• [Task goal]: Reproduce the listing below word for word, with no pictures.

• [Provided information]:
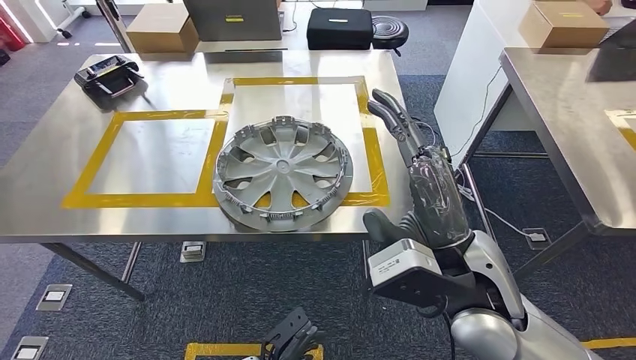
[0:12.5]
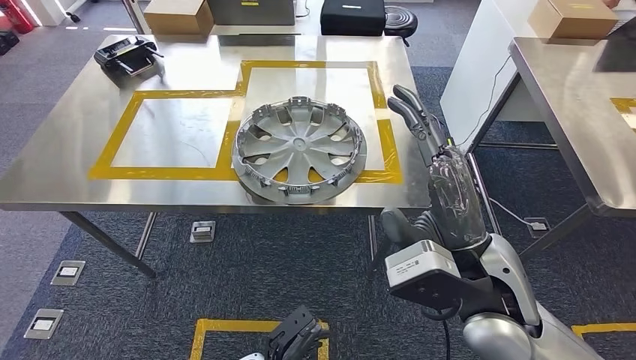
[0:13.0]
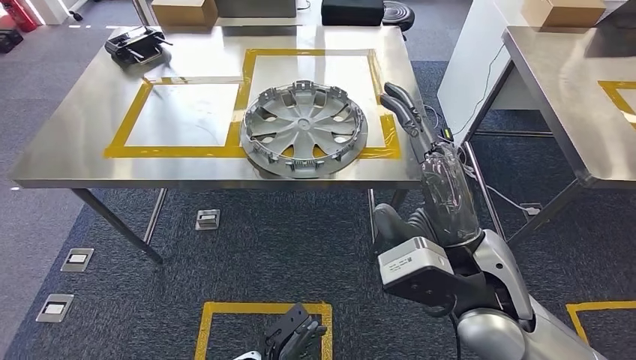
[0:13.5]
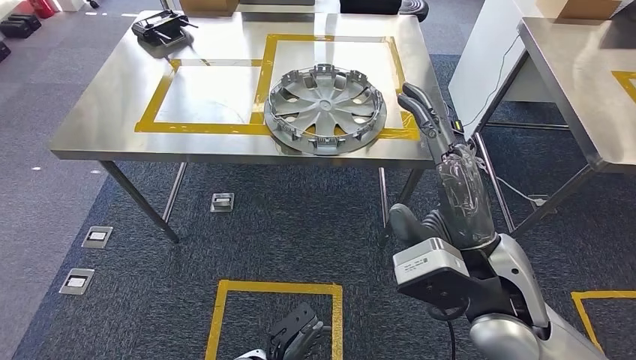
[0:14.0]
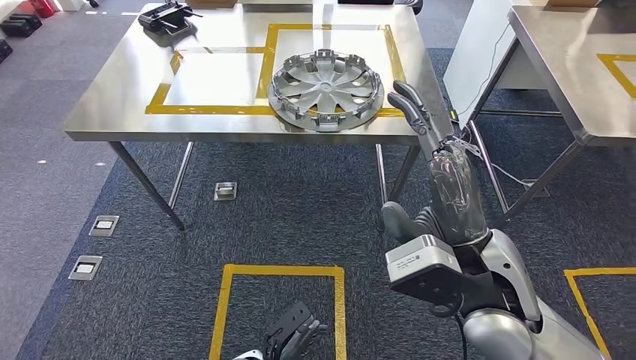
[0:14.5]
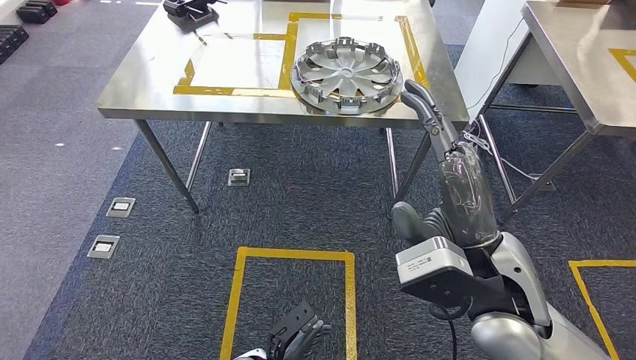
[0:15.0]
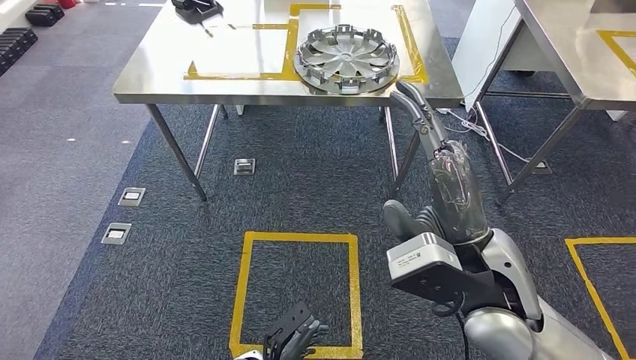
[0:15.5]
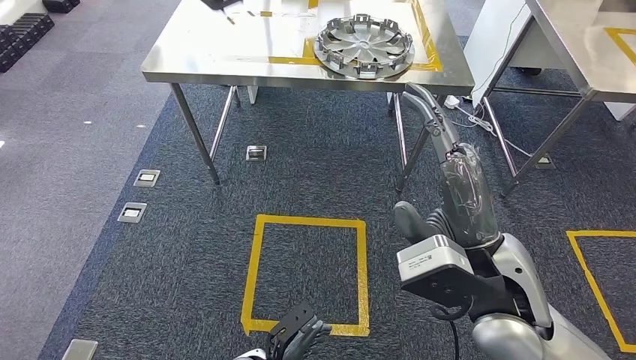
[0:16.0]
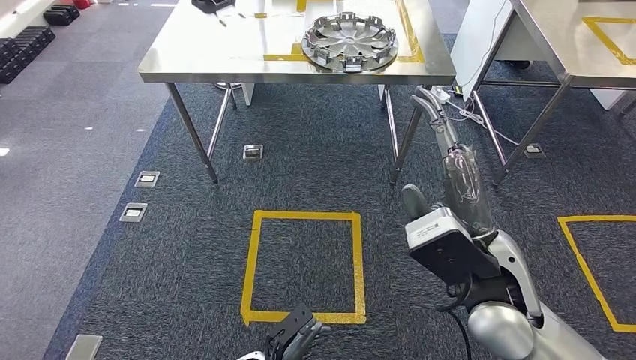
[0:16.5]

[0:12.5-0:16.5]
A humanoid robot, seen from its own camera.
Step, 0:12.5 to 0:16.5: Move to the initial position of the shelf.

• [Problem solution]:
[0:12.5]
[0:13.0]
[0:13.5]
[0:14.0]
[0:14.5]
[0:15.0]
[0:15.5]
[0:16.0]
[0:16.5]

[0:12.5-0:16.5]
A humanoid robot, seen from its own camera.
Step, 0:12.5 to 0:16.5: Move to the initial position of the shelf.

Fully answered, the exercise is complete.